Конечно, сдаваться никто не собирался. По крайней мере, на словах: в речах власть предержащих, в нью-кробюзонских учебниках истории, в передовицах лояльных правительству газет о поражении не будет ни слова. Речь будет идти лишь об историческом компромиссе, о тончайших оттенках предельно отточенной стратегии. Но даже соратники мэра по партии Жирного Солнца и коллеги по Правительству городского единства будут разочарованы. Ведь они — как и все остальные — будут знать, что это за "компромисс". Что Нью-Кробюзон потерпел поражение, как бы ни называл это мэр.
— Они уже нащупывают контакты, — продолжал Барон, — но пока не знают даже, как говорить с Тешем. Уже много лет с нашей миссией там нет связи. А тешских шпионов в Нью-Кробюзоне наверняка до хрена и больше, только непонятно, кто они и где их искать. В здании посольства
Под чужим небом. Ори почувствовал, как у него кружится голова.
— А ты откуда знаешь? — спросил Старая Вешалка. Он слушал стоя, сомкнув ноги и сложив руки на груди. — Откуда ты знаешь, что они задумали, Барон?
Тот улыбнулся. Ори опустил глаза, надеясь, что никогда больше не увидит этой улыбки.
— От того, с кем я сейчас выпиваю, Вешалка. Ты сам знаешь. Я столько пива высосал в этой чертовой Барсучьей топи, что уж теперь-то знаю. Не зря же я торчу там со своим новым лучшим другом, Бертольдом Сулионом.
Часть пятая
Наступательное отступление
Глава 17
— Вот оно. Здесь. Это его край. Край какотопического пятна.
Задолго до этого канюки прервали свой плавный полет и рассеялись в воздухе. Ягуар споткнулся, осторожно крадучись, на полушаге и был таков. Исчез. Пыль и черный дым распугали зверей. Казалось, сотни лет прошли с тех пор, как здесь впервые раздался этот громкий грубый звук.

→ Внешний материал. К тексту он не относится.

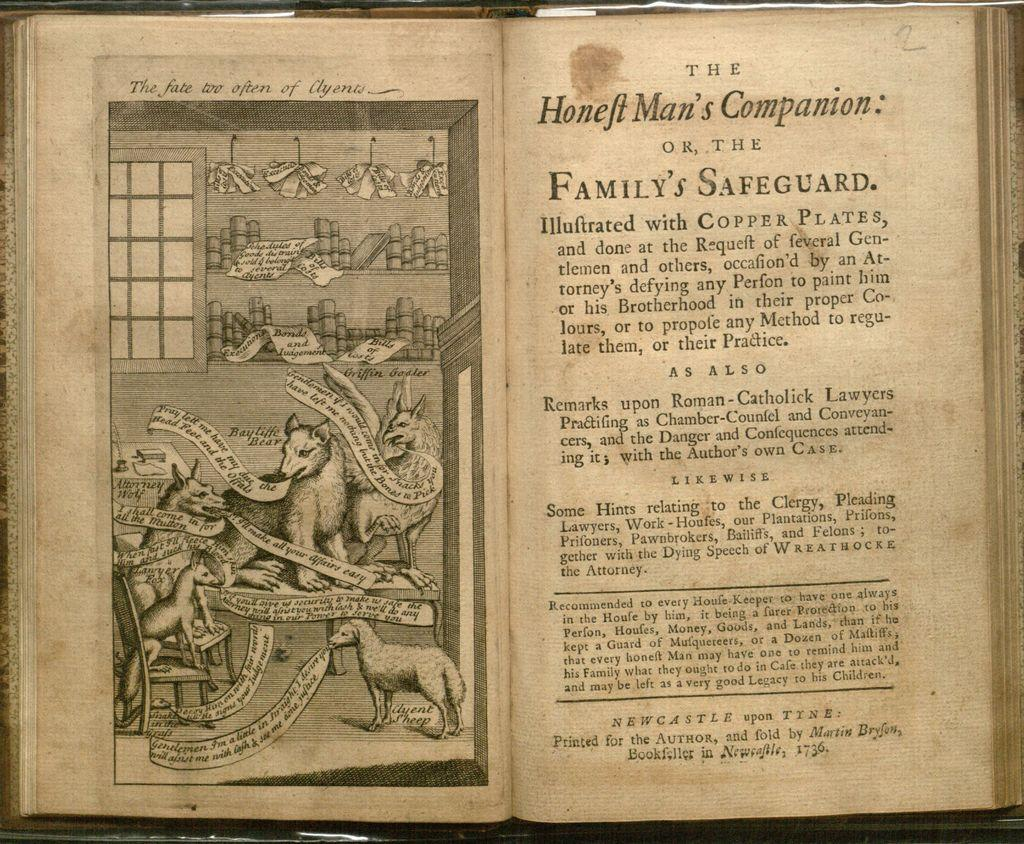<image>
Write a terse but informative summary of the picture. a book open to a story called 'the honeft mans's companion' 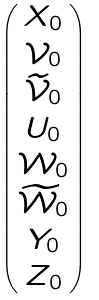Convert formula to latex. <formula><loc_0><loc_0><loc_500><loc_500>\begin{pmatrix} X _ { 0 } \\ \mathcal { V } _ { 0 } \\ \widetilde { \mathcal { V } } _ { 0 } \\ U _ { 0 } \\ \mathcal { W } _ { 0 } \\ \widetilde { \mathcal { W } } _ { 0 } \\ Y _ { 0 } \\ Z _ { 0 } \end{pmatrix}</formula> 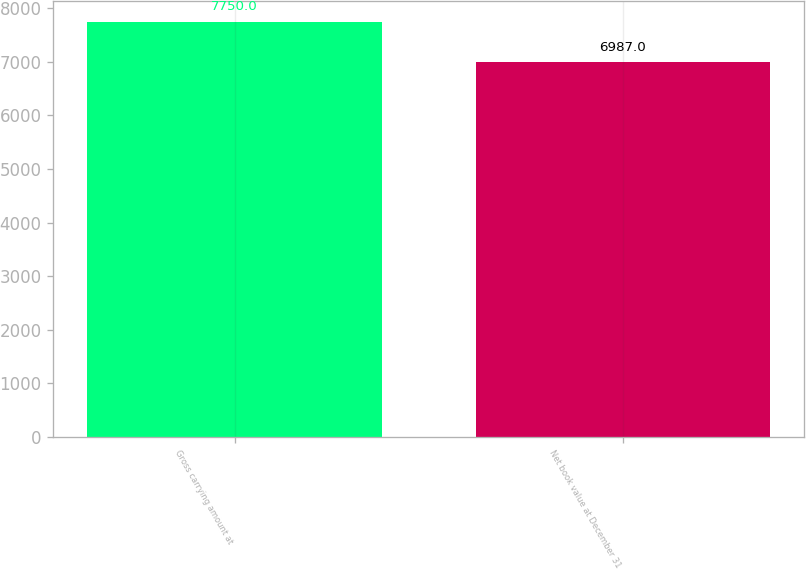Convert chart to OTSL. <chart><loc_0><loc_0><loc_500><loc_500><bar_chart><fcel>Gross carrying amount at<fcel>Net book value at December 31<nl><fcel>7750<fcel>6987<nl></chart> 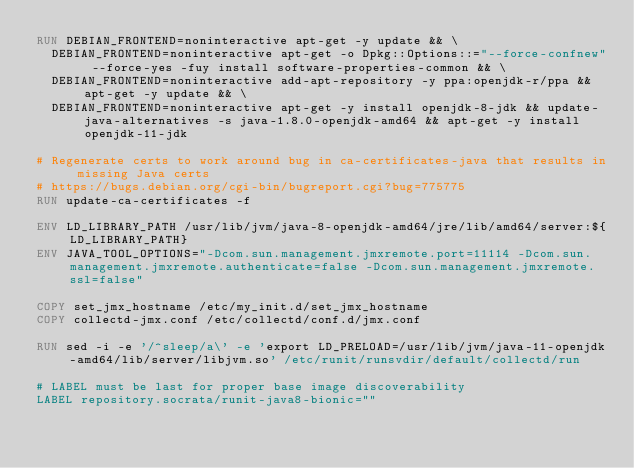<code> <loc_0><loc_0><loc_500><loc_500><_Dockerfile_>RUN DEBIAN_FRONTEND=noninteractive apt-get -y update && \
  DEBIAN_FRONTEND=noninteractive apt-get -o Dpkg::Options::="--force-confnew" --force-yes -fuy install software-properties-common && \
  DEBIAN_FRONTEND=noninteractive add-apt-repository -y ppa:openjdk-r/ppa && apt-get -y update && \
  DEBIAN_FRONTEND=noninteractive apt-get -y install openjdk-8-jdk && update-java-alternatives -s java-1.8.0-openjdk-amd64 && apt-get -y install openjdk-11-jdk

# Regenerate certs to work around bug in ca-certificates-java that results in missing Java certs
# https://bugs.debian.org/cgi-bin/bugreport.cgi?bug=775775
RUN update-ca-certificates -f

ENV LD_LIBRARY_PATH /usr/lib/jvm/java-8-openjdk-amd64/jre/lib/amd64/server:${LD_LIBRARY_PATH}
ENV JAVA_TOOL_OPTIONS="-Dcom.sun.management.jmxremote.port=11114 -Dcom.sun.management.jmxremote.authenticate=false -Dcom.sun.management.jmxremote.ssl=false"

COPY set_jmx_hostname /etc/my_init.d/set_jmx_hostname
COPY collectd-jmx.conf /etc/collectd/conf.d/jmx.conf

RUN sed -i -e '/^sleep/a\' -e 'export LD_PRELOAD=/usr/lib/jvm/java-11-openjdk-amd64/lib/server/libjvm.so' /etc/runit/runsvdir/default/collectd/run

# LABEL must be last for proper base image discoverability
LABEL repository.socrata/runit-java8-bionic=""
</code> 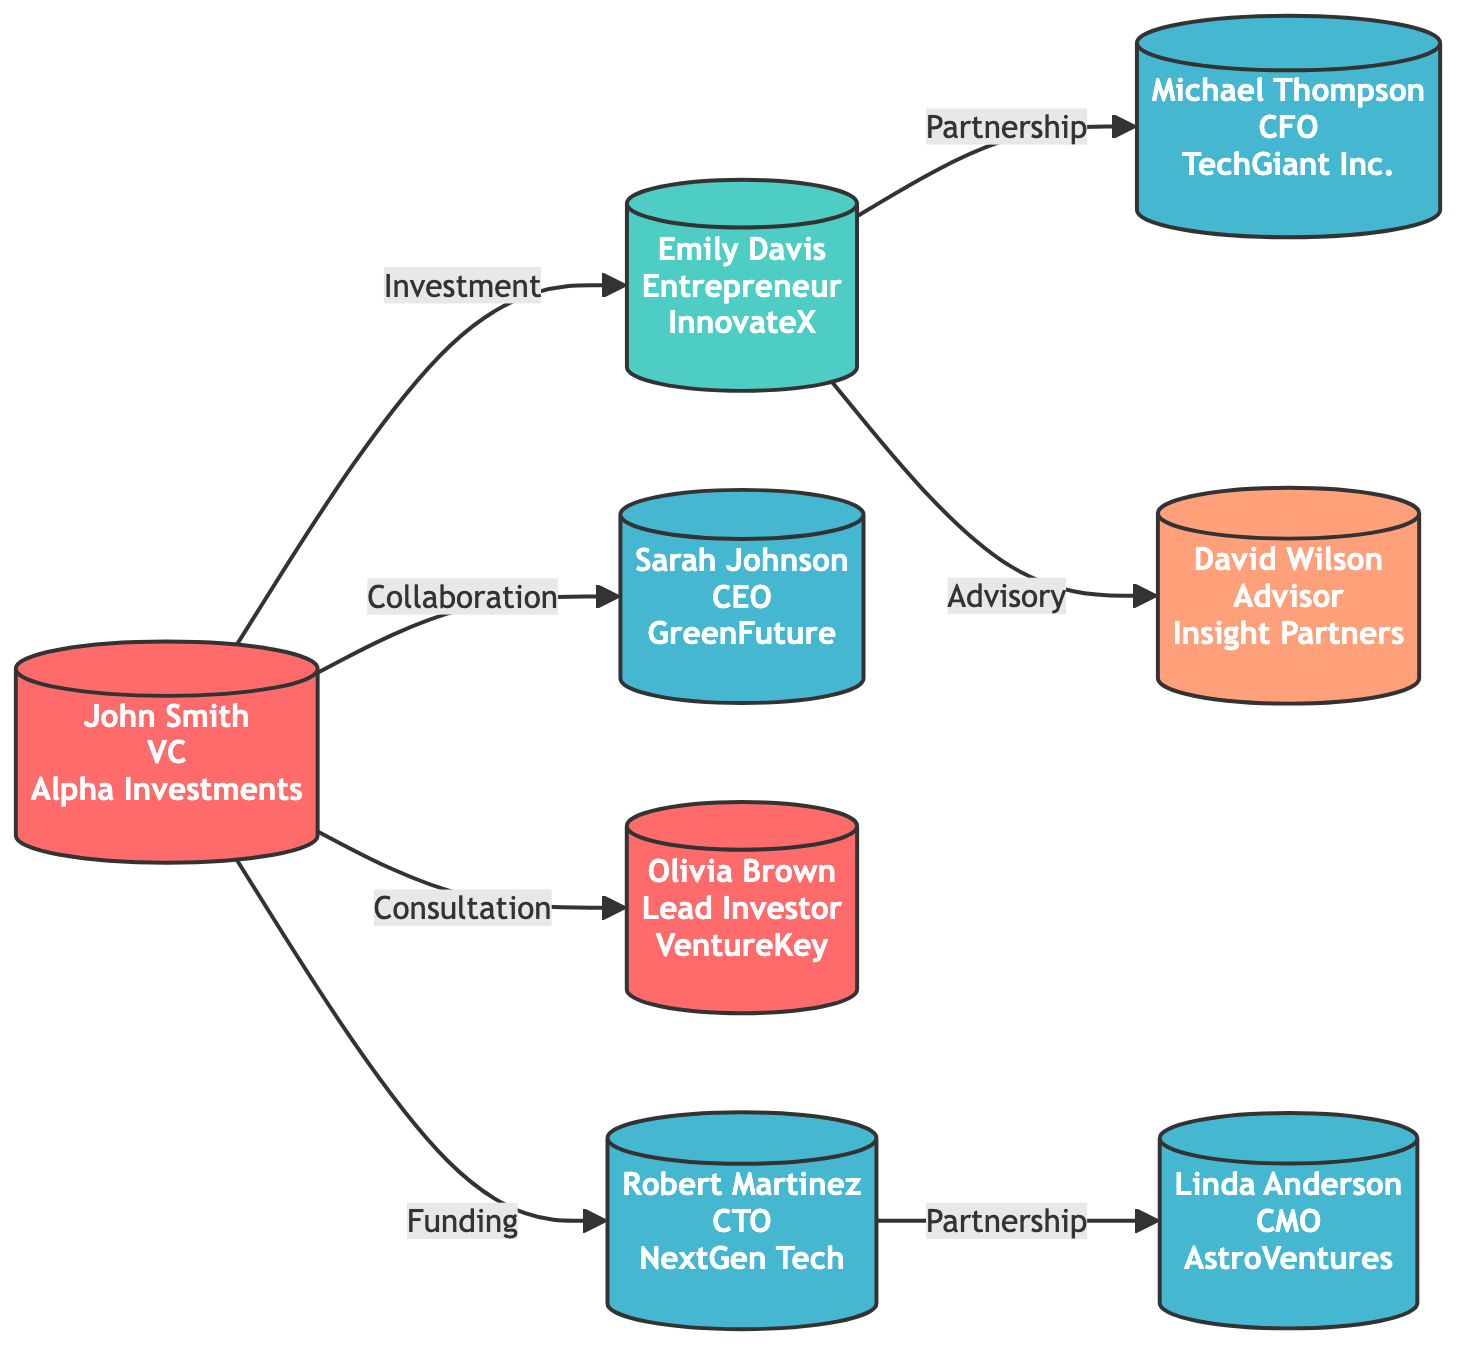What is the total number of nodes in the diagram? The diagram lists 8 individual entities, each representing a person or role in the network of industry influencers and partnerships. Therefore, counting these nodes gives us a total of 8.
Answer: 8 Who is the CEO in the diagram? The diagram indicates that Sarah Johnson holds the role of CEO, as denoted by her title and connection to GreenFuture Ventures within the node information.
Answer: Sarah Johnson Which individual is linked to both John Smith and David Wilson? In the diagram, Emily Davis is connected to John Smith through an investment relationship and also linked to David Wilson via an advisory connection, making her the individual linked to both.
Answer: Emily Davis What type of relationship exists between Robert Martinez and Linda Anderson? The diagram shows a partnership relationship between Robert Martinez and Linda Anderson, specifying their collaboration in technology development as indicated by the arrow and relationship label.
Answer: Partnership What role does Olivia Brown serve in her affiliation? The diagram identifies Olivia Brown as the Lead Investor at VentureKey Capital, indicating her financial position and responsibilities there.
Answer: Lead Investor How many different types of relationships are illustrated in the diagram? Analyzing the relationships, we see 6 distinct types of relationships represented: Investment, Partnership, Collaboration, Advisory, Consultation, and Funding. Counting these reveals there are 6 different types.
Answer: 6 Which node has the most outgoing connections? By examining the nodes, John Smith has the most outgoing connections, with five direct connections to other nodes representing his active involvement in investment, collaboration, and consultations.
Answer: John Smith What is the primary role of Michael Thompson? The diagram assigns Michael Thompson the role of CFO at TechGiant Inc., clearly stating his position within the company along with his connection to Emily Davis.
Answer: CFO 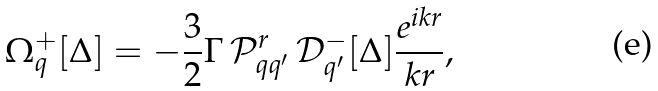<formula> <loc_0><loc_0><loc_500><loc_500>\Omega ^ { + } _ { q } [ \Delta ] = - \frac { 3 } { 2 } \Gamma \, \mathcal { P } ^ { r } _ { q q ^ { \prime } } \, \mathcal { D } ^ { - } _ { q ^ { \prime } } [ \Delta ] \frac { e ^ { i k r } } { k r } ,</formula> 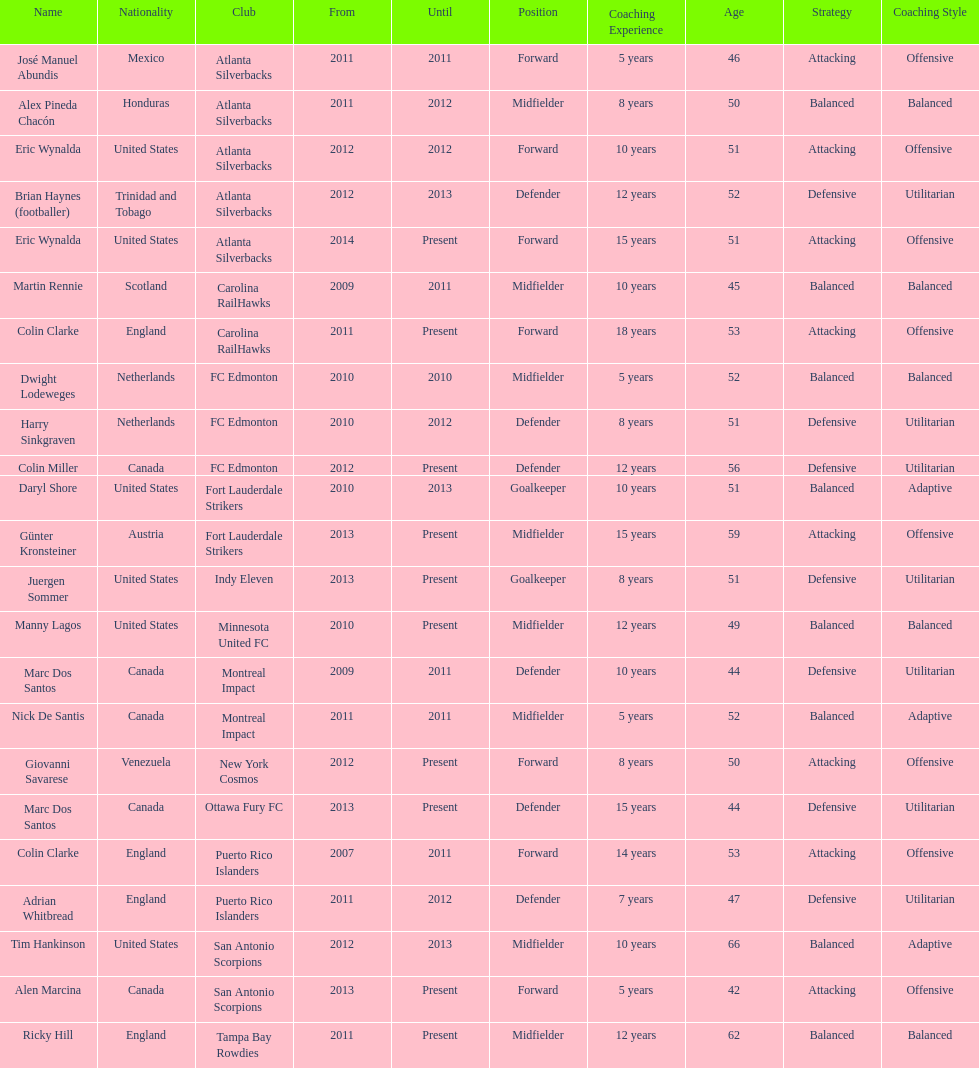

По открытой ране земли, словно бацилла, крохотная палочка, отравляющая кровь, полз Железный Совет, загрязняя местность вокруг себя. Коптящий и чадящий металлический бог для животных. И, как много лет назад, одни люди клали перед ним рельсы, другие заметали его следы, а третьи брали дорогу сзади и переносили ее вперед, чтобы та легла под колеса грохочущей машины.
Куда бы он ни направлялся, везде он был незваным гостем. Состав нигде не становился частью пейзажа. Он был проклятием истории в редколесье на склонах холмов и среди густого покрова настоящего леса, в межгорных долинах и на изрезанных каньонами плато, кое-где пронзенных рогами твердых скальных возвышенностей. И в зловещих местах, где природа взбунтовалась, вроде медленно движущихся холмов, гейзеров дымного камня, фульгуритовых статуй и застывших электрических бурь он тоже был как бельмо на глазу.
Город-призрак. Город, все жители которого, и мужчины, и женщины, были заняты лишь тем, что выравнивали землю и клали на нее рельсы. Все они были непрошеными гостями.
Как их предки, первые члены Совета, — некоторые еще находились среди них, — они были мускулисты, загорелы и знали свое дело. Переделанные, нормальные, какты и прочие стали виртуозами строительства: одни, вооруженные клещами, тянули рельсы, другие укладывали шпалы — и все это под стук забивающих костыли молотов, такой ритмичный, что хоть танцуй.
Для тепла они носили шкуры; платья и штаны делали из перешитых мешков. Они украшали себя отслужившими свое кусками железа и распевали убогие кричалки, бравшие начало от старых рабочих песен, да недавно сложенные баллады о самих себе.
В центре человеческого муравейника, где сотни людей только и делали, что обслуживали его многочисленные нужды, охраняемый стражей и дозорными — на вершинах холмов и деревьев, а также в небе, — полз он, причина всего, поезд. Время не пощадило его. Он стал иным. Он одичал.